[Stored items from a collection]
#####

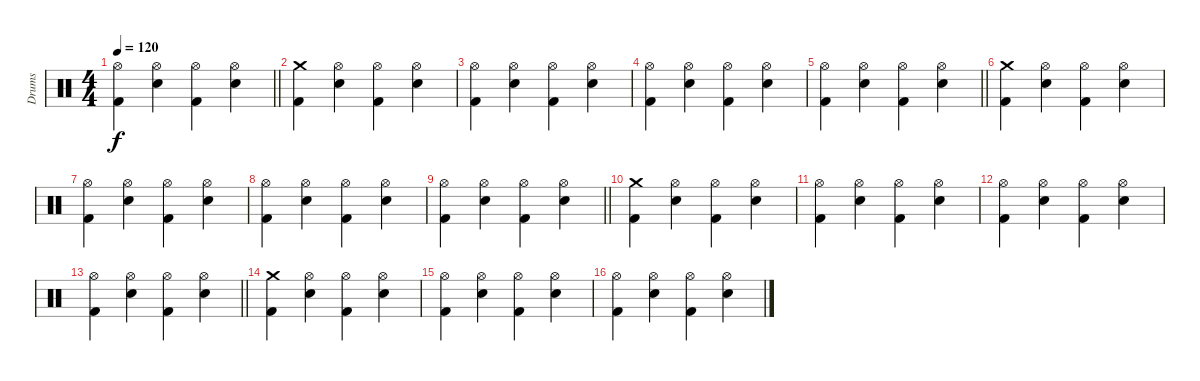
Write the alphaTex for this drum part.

\track ("Drums" "Drums") {instrument percussion}
\staff {score}
\articulation defaults
\ts (4 4)
\tempo 120
\clef neutral
\barLineRight lightlight
\ks c
("Hi-Hat (open)" "Kick (hit) 2").4{dy f} ("Hi-Hat (open)" "Electric Snare (hit)").4 ("Hi-Hat (open)" "Kick (hit) 2").4 ("Hi-Hat (open)" "Electric Snare (hit)").4 |
("Crash medium (hit)" "Kick (hit) 2").4 ("Hi-Hat (open)" "Electric Snare (hit)").4 ("Hi-Hat (open)" "Kick (hit) 2").4 ("Hi-Hat (open)" "Electric Snare (hit)").4 |
("Hi-Hat (open)" "Kick (hit) 2").4 ("Hi-Hat (open)" "Electric Snare (hit)").4 ("Hi-Hat (open)" "Kick (hit) 2").4 ("Hi-Hat (open)" "Electric Snare (hit)").4 |
("Hi-Hat (open)" "Kick (hit) 2").4 ("Hi-Hat (open)" "Electric Snare (hit)").4 ("Hi-Hat (open)" "Kick (hit) 2").4 ("Hi-Hat (open)" "Electric Snare (hit)").4 |
\barLineRight lightlight
("Hi-Hat (open)" "Kick (hit) 2").4 ("Hi-Hat (open)" "Electric Snare (hit)").4 ("Hi-Hat (open)" "Kick (hit) 2").4 ("Hi-Hat (open)" "Electric Snare (hit)").4 |
("Crash medium (hit)" "Kick (hit) 2").4 ("Hi-Hat (open)" "Electric Snare (hit)").4 ("Hi-Hat (open)" "Kick (hit) 2").4 ("Hi-Hat (open)" "Electric Snare (hit)").4 |
("Hi-Hat (open)" "Kick (hit) 2").4 ("Hi-Hat (open)" "Electric Snare (hit)").4 ("Hi-Hat (open)" "Kick (hit) 2").4 ("Hi-Hat (open)" "Electric Snare (hit)").4 |
("Hi-Hat (open)" "Kick (hit) 2").4 ("Hi-Hat (open)" "Electric Snare (hit)").4 ("Hi-Hat (open)" "Kick (hit) 2").4 ("Hi-Hat (open)" "Electric Snare (hit)").4 |
\barLineRight lightlight
("Hi-Hat (open)" "Kick (hit) 2").4 ("Hi-Hat (open)" "Electric Snare (hit)").4 ("Hi-Hat (open)" "Kick (hit) 2").4 ("Hi-Hat (open)" "Electric Snare (hit)").4 |
("Crash medium (hit)" "Kick (hit) 2").4 ("Hi-Hat (open)" "Electric Snare (hit)").4 ("Hi-Hat (open)" "Kick (hit) 2").4 ("Hi-Hat (open)" "Electric Snare (hit)").4 |
("Hi-Hat (open)" "Kick (hit) 2").4 ("Hi-Hat (open)" "Electric Snare (hit)").4 ("Hi-Hat (open)" "Kick (hit) 2").4 ("Hi-Hat (open)" "Electric Snare (hit)").4 |
("Hi-Hat (open)" "Kick (hit) 2").4 ("Hi-Hat (open)" "Electric Snare (hit)").4 ("Hi-Hat (open)" "Kick (hit) 2").4 ("Hi-Hat (open)" "Electric Snare (hit)").4 |
\barLineRight lightlight
("Hi-Hat (open)" "Kick (hit) 2").4 ("Hi-Hat (open)" "Electric Snare (hit)").4 ("Hi-Hat (open)" "Kick (hit) 2").4 ("Hi-Hat (open)" "Electric Snare (hit)").4 |
("Crash medium (hit)" "Kick (hit) 2").4 ("Hi-Hat (open)" "Electric Snare (hit)").4 ("Hi-Hat (open)" "Kick (hit) 2").4 ("Hi-Hat (open)" "Electric Snare (hit)").4 |
("Hi-Hat (open)" "Kick (hit) 2").4 ("Hi-Hat (open)" "Electric Snare (hit)").4 ("Hi-Hat (open)" "Kick (hit) 2").4 ("Hi-Hat (open)" "Electric Snare (hit)").4 |
("Hi-Hat (open)" "Kick (hit) 2").4 ("Hi-Hat (open)" "Electric Snare (hit)").4 ("Hi-Hat (open)" "Kick (hit) 2").4 ("Hi-Hat (open)" "Electric Snare (hit)").4
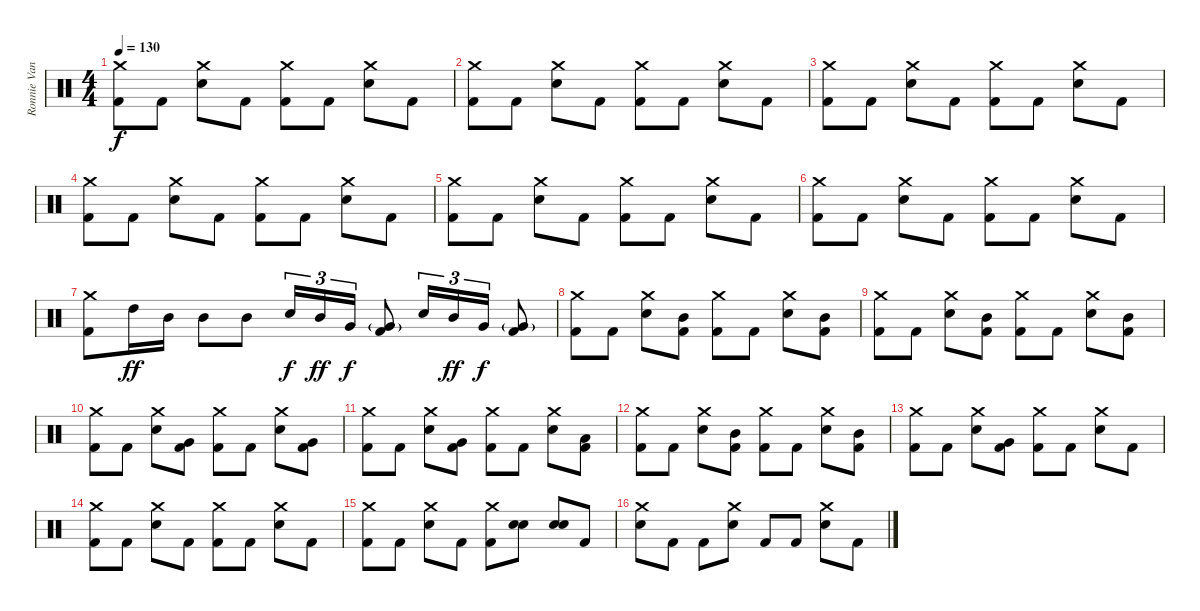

#####

**ACTION ITEM**
Every line above must be printed again exactly, pictures excluded.

**EXPECTED OUTPUT**
Write the alphaTex for this drum part.

\track ("Drums" "Drums") {instrument percussion}
\staff {score}
\articulation defaults
\ts (4 4)
\tempo 120
\clef neutral
\barLineRight lightlight
\ks c
("Hi-Hat (open)" "Kick (hit) 2").4{dy f} ("Hi-Hat (open)" "Electric Snare (hit)").4 ("Hi-Hat (open)" "Kick (hit) 2").4 ("Hi-Hat (open)" "Electric Snare (hit)").4 |
("Crash medium (hit)" "Kick (hit) 2").4 ("Hi-Hat (open)" "Electric Snare (hit)").4 ("Hi-Hat (open)" "Kick (hit) 2").4 ("Hi-Hat (open)" "Electric Snare (hit)").4 |
("Hi-Hat (open)" "Kick (hit) 2").4 ("Hi-Hat (open)" "Electric Snare (hit)").4 ("Hi-Hat (open)" "Kick (hit) 2").4 ("Hi-Hat (open)" "Electric Snare (hit)").4 |
("Hi-Hat (open)" "Kick (hit) 2").4 ("Hi-Hat (open)" "Electric Snare (hit)").4 ("Hi-Hat (open)" "Kick (hit) 2").4 ("Hi-Hat (open)" "Electric Snare (hit)").4 |
\barLineRight lightlight
("Hi-Hat (open)" "Kick (hit) 2").4 ("Hi-Hat (open)" "Electric Snare (hit)").4 ("Hi-Hat (open)" "Kick (hit) 2").4 ("Hi-Hat (open)" "Electric Snare (hit)").4 |
("Crash medium (hit)" "Kick (hit) 2").4 ("Hi-Hat (open)" "Electric Snare (hit)").4 ("Hi-Hat (open)" "Kick (hit) 2").4 ("Hi-Hat (open)" "Electric Snare (hit)").4 |
("Hi-Hat (open)" "Kick (hit) 2").4 ("Hi-Hat (open)" "Electric Snare (hit)").4 ("Hi-Hat (open)" "Kick (hit) 2").4 ("Hi-Hat (open)" "Electric Snare (hit)").4 |
("Hi-Hat (open)" "Kick (hit) 2").4 ("Hi-Hat (open)" "Electric Snare (hit)").4 ("Hi-Hat (open)" "Kick (hit) 2").4 ("Hi-Hat (open)" "Electric Snare (hit)").4 |
\barLineRight lightlight
("Hi-Hat (open)" "Kick (hit) 2").4 ("Hi-Hat (open)" "Electric Snare (hit)").4 ("Hi-Hat (open)" "Kick (hit) 2").4 ("Hi-Hat (open)" "Electric Snare (hit)").4 |
("Crash medium (hit)" "Kick (hit) 2").4 ("Hi-Hat (open)" "Electric Snare (hit)").4 ("Hi-Hat (open)" "Kick (hit) 2").4 ("Hi-Hat (open)" "Electric Snare (hit)").4 |
("Hi-Hat (open)" "Kick (hit) 2").4 ("Hi-Hat (open)" "Electric Snare (hit)").4 ("Hi-Hat (open)" "Kick (hit) 2").4 ("Hi-Hat (open)" "Electric Snare (hit)").4 |
("Hi-Hat (open)" "Kick (hit) 2").4 ("Hi-Hat (open)" "Electric Snare (hit)").4 ("Hi-Hat (open)" "Kick (hit) 2").4 ("Hi-Hat (open)" "Electric Snare (hit)").4 |
\barLineRight lightlight
("Hi-Hat (open)" "Kick (hit) 2").4 ("Hi-Hat (open)" "Electric Snare (hit)").4 ("Hi-Hat (open)" "Kick (hit) 2").4 ("Hi-Hat (open)" "Electric Snare (hit)").4 |
("Crash medium (hit)" "Kick (hit) 2").4 ("Hi-Hat (open)" "Electric Snare (hit)").4 ("Hi-Hat (open)" "Kick (hit) 2").4 ("Hi-Hat (open)" "Electric Snare (hit)").4 |
("Hi-Hat (open)" "Kick (hit) 2").4 ("Hi-Hat (open)" "Electric Snare (hit)").4 ("Hi-Hat (open)" "Kick (hit) 2").4 ("Hi-Hat (open)" "Electric Snare (hit)").4 |
("Hi-Hat (open)" "Kick (hit) 2").4 ("Hi-Hat (open)" "Electric Snare (hit)").4 ("Hi-Hat (open)" "Kick (hit) 2").4 ("Hi-Hat (open)" "Electric Snare (hit)").4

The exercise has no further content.